[THE DATA]

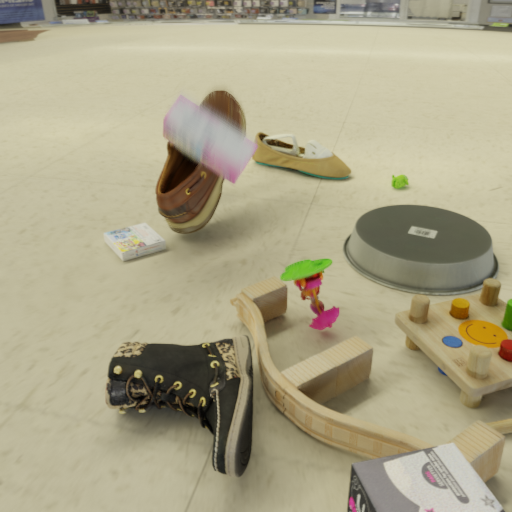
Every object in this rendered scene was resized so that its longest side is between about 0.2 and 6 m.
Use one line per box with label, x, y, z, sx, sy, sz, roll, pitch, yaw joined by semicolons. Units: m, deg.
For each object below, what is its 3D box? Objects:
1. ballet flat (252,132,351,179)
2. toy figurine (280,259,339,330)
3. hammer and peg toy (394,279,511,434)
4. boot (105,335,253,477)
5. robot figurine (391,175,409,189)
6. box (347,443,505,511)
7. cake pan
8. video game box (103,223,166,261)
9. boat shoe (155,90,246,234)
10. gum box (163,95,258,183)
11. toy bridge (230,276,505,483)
ballet flat;1.106;-2.626;14.418;2.805;0.884;0.963;14;32;24
toy figurine;0.851;0.617;8.369;0.800;0.981;1.066;-21;10;-9
hammer and peg toy;3.159;1.283;7.314;1.813;0.869;2.465;-10;30;-17
boot;-0.898;1.673;6.635;1.728;0.840;2.295;1;25;-1
robot figurine;3.467;-1.796;13.526;0.499;0.288;0.437;-26;37;-37
box;1.614;2.614;4.779;1.127;0.979;1.706;-7;30;-13
cake pan;3.061;-0.234;10.447;2.848;0.522;2.848;0;29;0
video game box;-2.355;-0.284;10.843;0.891;0.229;0.978;-15;32;-30
boat shoe;-1.110;-2.132;11.252;1.231;1.155;3.420;3;60;25
gum box;-0.901;-2.093;10.097;1.708;0.565;0.970;33;-12;-6
toy bridge;0.870;1.528;7.181;1.425;0.577;4.239;-20;35;-30

[/THE DATA]

Your answer must be an exact copy of the records, free of images.

> TASK OUTPUT:
Every object in this rendered scene was resized so that its longest side is between about 0.2 and 6 m.
Use one line per box with label, x, y, z, sx, sy, sz, roll, pitch, yaw joined by semicolons. Units: m, deg.
For each object below, what is its 3D box? Objects:
1. ballet flat (252,132,351,179)
2. toy figurine (280,259,339,330)
3. hammer and peg toy (394,279,511,434)
4. boot (105,335,253,477)
5. robot figurine (391,175,409,189)
6. box (347,443,505,511)
7. cake pan
8. video game box (103,223,166,261)
9. boat shoe (155,90,246,234)
10. gum box (163,95,258,183)
11. toy bridge (230,276,505,483)
ballet flat;1.106;-2.626;14.418;2.805;0.884;0.963;14;32;24
toy figurine;0.851;0.617;8.369;0.800;0.981;1.066;-21;10;-9
hammer and peg toy;3.159;1.283;7.314;1.813;0.869;2.465;-10;30;-17
boot;-0.898;1.673;6.635;1.728;0.840;2.295;1;25;-1
robot figurine;3.467;-1.796;13.526;0.499;0.288;0.437;-26;37;-37
box;1.614;2.614;4.779;1.127;0.979;1.706;-7;30;-13
cake pan;3.061;-0.234;10.447;2.848;0.522;2.848;0;29;0
video game box;-2.355;-0.284;10.843;0.891;0.229;0.978;-15;32;-30
boat shoe;-1.110;-2.132;11.252;1.231;1.155;3.420;3;60;25
gum box;-0.901;-2.093;10.097;1.708;0.565;0.970;33;-12;-6
toy bridge;0.870;1.528;7.181;1.425;0.577;4.239;-20;35;-30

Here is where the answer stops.